If you run larcsim from the command line, you can specify an assembly program file to be loaded at startup. For example, if larcsim.jar and myprog.txt are in the current directory, then you can run larcsim with the command

                 java  -jar  larcsim.jar  myprog.txt

and larcsim will attempt to load an assembly language program from the file myprog.txt.


Debugging with Larcsim: Breakpoints

A debugger is a program that controls the execution of another program and can show you information about the current state of that program, such as the values of its variables and the next instruction in the program. A debugger should let you step through the execution of the program that it is debugging, one step at a time. And it should let you set breakpoints in that program. When the program is running and gets to a breakpoint, it should pause so that you can inspect the current state.

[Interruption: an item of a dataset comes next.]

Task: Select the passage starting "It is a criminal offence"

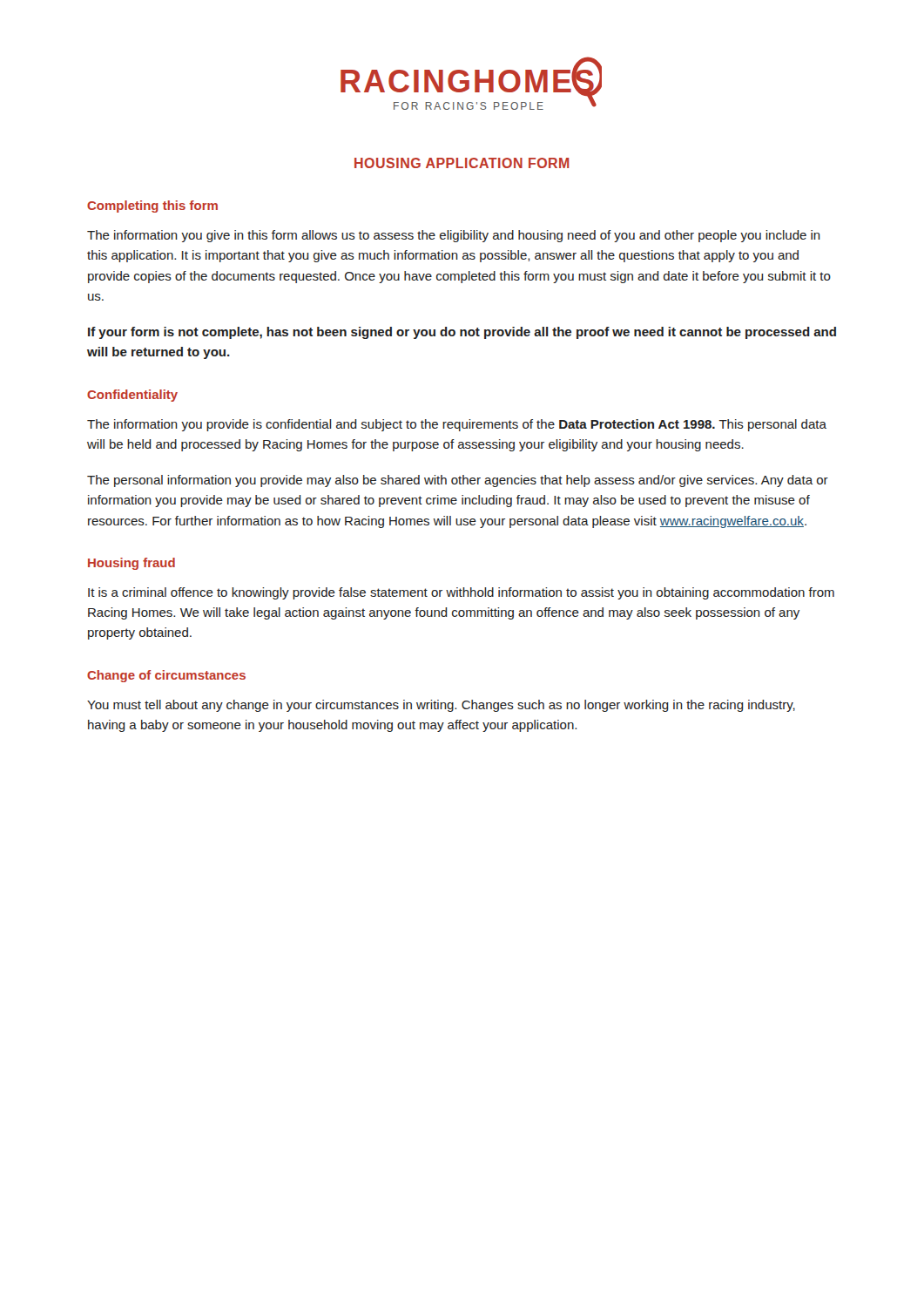Action: (x=461, y=612)

Larcsim is a simulator and debugger for Larc machine language programs. It lets you step through a program one machine language instruction at a time. And it lets you set breakpoints in the program.

To set a breakpoint at some instruction in a program, click on the memory location that contains that instruction. You will get a popup menu with the option to set a breakpoint. (If a breakpoint has already been set for that location, you will have the option to clear it.) When there is a breakpoint on a location, that location is outlined in dark blue in the memory display. Note that it is not possible to set a breakpoint while a program is running or when a program is waiting for user input.

When a program is running and hits a breakpoint, it stops running just before executing the instruction at the breakpoint (unless the "Stop at Breakpoints" button is unchecked). You can then inspect values in registers and in memory, and you can modify those values if you want. You can even change the value in the Program Counter. You can use the "Step" button to step through the program, or the "Run" button to resume automatic execution.